I really just want something that's simple and easy and makes taking care of my bettas while busy in college much easier.

What do you guys recommend? Can you please answer all of my questions? Thanks!


----------



## ao (Feb 29, 2012)

bettacrazygirl86 said:


> I'm going to be going off to college soon, and I've heard that planted tanks are easier to care for?


Yes they are, provided you have lighting of the right color temperature (temp 6500k) and enough light for the plants 



bettacrazygirl86 said:


> I'm not sure what the pros and cons of having a planted tank are.


Pros everything... cons... not very much. I've yet to run into someone who went into planted tanks to go back to non planted tanks yet.




bettacrazygirl86 said:


> I also don't know what type of substrate to get. I do know that you need a specific bulb to grow the plants, but that's about it. I don't know what plants would be best or easiest to care for, as I'm a beginner.
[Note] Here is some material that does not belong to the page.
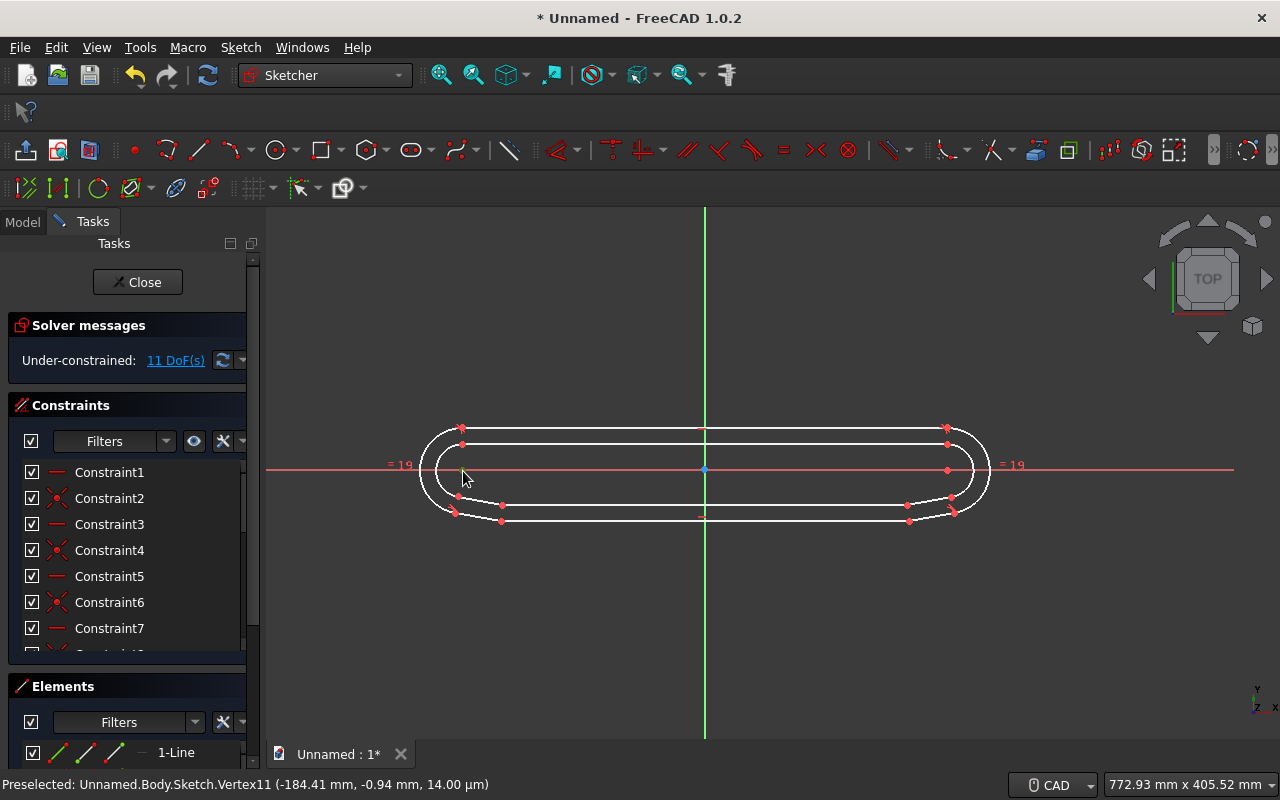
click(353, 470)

You can use any substrate you want, you dont even have to have substrate at all. most fast growing stem plants do just fine floating. some substrate are better than others but for easy maintanance plants, substrate is not an issue




bettacrazygirl86 said:


> I really just want something that's simple and easy and makes taking care of my bettas while busy in college much easier.
> 
> What do you guys recommend? Can you please answer all of my questions? Thanks!


Personally I love to put all my energy into scaping and trimming my main tanks. 
I also have planted jars and other containers that thrive on absolute neglect. Just decide on the look you want. a low/med light planted tank is the easiest to take care of.
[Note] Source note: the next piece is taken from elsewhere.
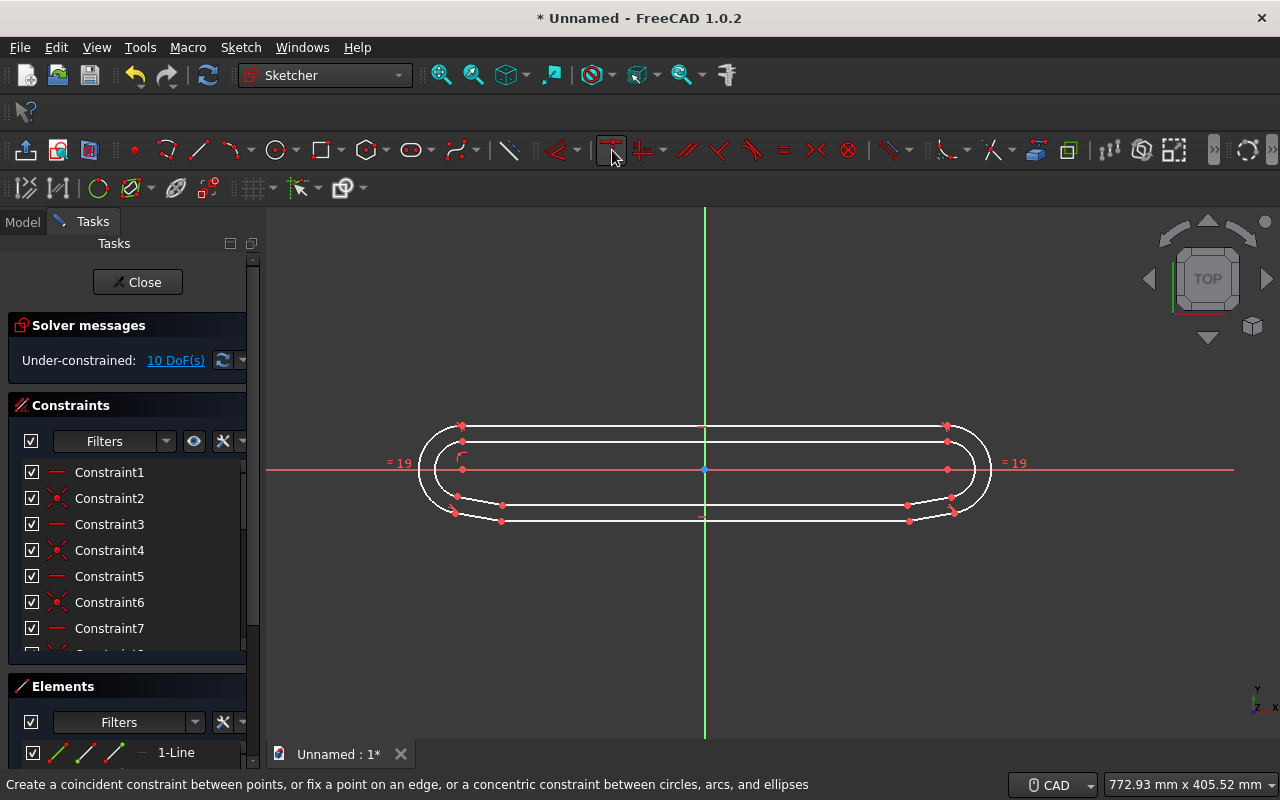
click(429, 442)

You will need to do regular water changes until your ammonia nitrite and nitrates all hit a constant zero.....
after that you still need to do water changes once in a while, to keep the TDS (Total dissolved solids) down.

I also recommend to plant with stem plants and floaters... an anubias or a javafern wont do much to improve water quality.


----------



## JessJesting (Jan 16, 2013)

+1 to what aokashi said =) 

I just recently started a 2.5 gallon planted tank! I can tell you that, so far, my planted tank is VERY easy to maintain. It stays very clean and water changes are at a minimum compared to my other. And little Kronos just loves all the plants. I love It and I've been thinking about planting my other. 

And aokashi you have a plant jar?! This sounds very interesting! I am quite curious to hear what you have planted in those!! I absolutely love that idea!


----------



## ao (Feb 29, 2012)

I have many planted Jars, lol, I'll take a picture for you when I get home, most of them are in complete disarray.


----------



## Bombalurina (Oct 10, 2011)

There is one major con to a planted tank that nobody warns you about - addiction! It is easy to get as addicted to plants and aquascaping as it is to your fish. 

Just thought I should warn you before this black hole of planting starts sucking in all your money.


----------



## aemaki09 (Oct 23, 2012)

Bombalurina said:


> There is one major con to a planted tank that nobody warns you about - addiction! It is easy to get as addicted to plants and aquascaping as it is to your fish.
> 
> Just thought I should warn you before this black hole of planting starts sucking in all your money.


 
+1!!!

I've spent $80 in the past week on buying more plant packages to add to my tanks! Its definitely VERY addicting!


----------



## Sparrowhawk (Nov 19, 2012)

Bombalurina said:


> There is one major con to a planted tank that nobody warns you about - addiction! It is easy to get as addicted to plants and aquascaping as it is to your fish.
> 
> Just thought I should warn you before this black hole of planting starts sucking in all your money.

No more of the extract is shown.